Song, by Toad

avatar

Tom Waits – Live, Edinburgh Playhouse, Sunday 27th July 2008

Tom is a God

What a rubbish gig this wa… ah-haha! No it wasn’t, it was fucking brilliant, of course it was. I’ve seen Tom Waits once before, almost by accident, in about 1999 in the Orpheum Theatre in Boston and he was inspired. Songs like The Earth Died Screaming lurched and howled around you as if they’d been summoned from the very depths of hell, and when he then sat down to play a little more whimsically and romantically on the piano by himself the contrast was unnerving. Genius, it was. Consequently when he played London about five years ago, having missed out on a ticket by legitimate means, I stared at a £450 Buy It Now button on eBay for nearly an hour a day for the whole week preceding the gig, knowing I couldn’t afford it and nevertheless thinking that maybe, just maybe, I might somehow get away with it.

Fortunately, for once in my life I showed a modicum of restraint and am hence not bankrupt as I type this, but fuck me there was no way I was missing out on this chance even if I had to wrestle a kingpin from the international trade in black market internal organs to get a ticket.
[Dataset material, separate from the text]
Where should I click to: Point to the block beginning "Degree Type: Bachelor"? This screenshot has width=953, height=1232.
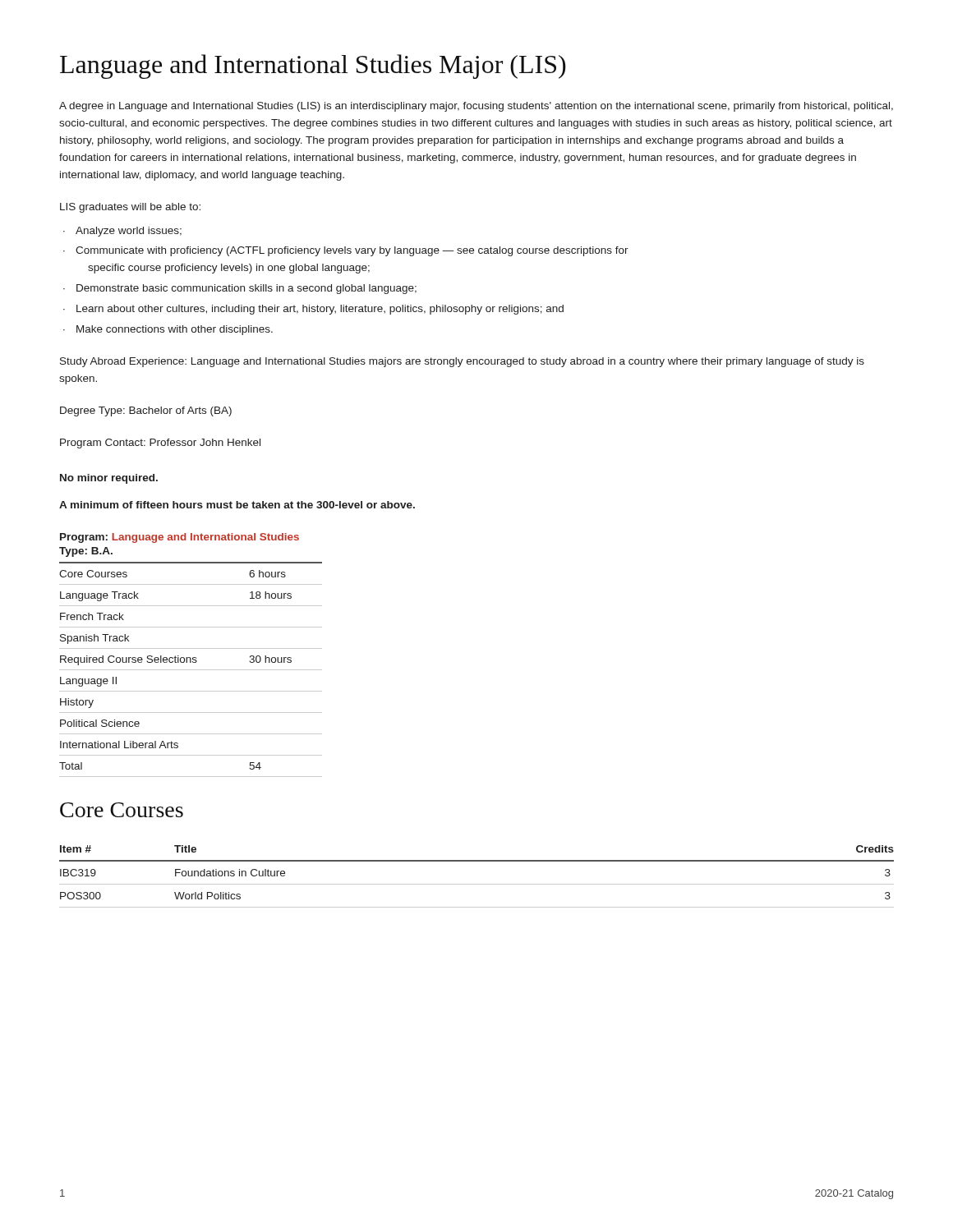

There’s something surreal about sitting in a gig like this, the attendance at which is to all intents and purposes an act of pilgrimage. It means you aren’t just sitting and enjoying the music, it means you are basking in the occasion – it’s a Tom fucking Waits show. Tom Waits! We were so excited that all the other people vaguely affiliated with this website who went along – Martin from The Savings & Loan, funnyguytom, (Quiet) Jon, Scott from Uhersky Brod and his girlfriend Clare, Euan from The Kays Lavelle and Trampoline, and his wife Pamela, my friends Morgan (who took these amazing pictures, naughty boy that he is) and Alan, my Dad and myself (and this was just Sunday: half of Broken Records, Mrs. Toad and Mother Toad, a couple of guys from work and a few others are going tonight) – played the Tom Waits challenge. We all wrote down fifteen songs we thought might be on the setlist, chipped in a pound, and the winner took the pot. Given Waits’ prodigious back catalogue the winner could well have had only a handful of songs right, but as it was Quiet Jon took the honours with a very respectable seven. So it wasn’t just a gig, this was a rare moment for hushed and awestruck reverence. He could have come and played Nintendo on stage for an hour and a half and I think we’d probably still have absolutely loved it.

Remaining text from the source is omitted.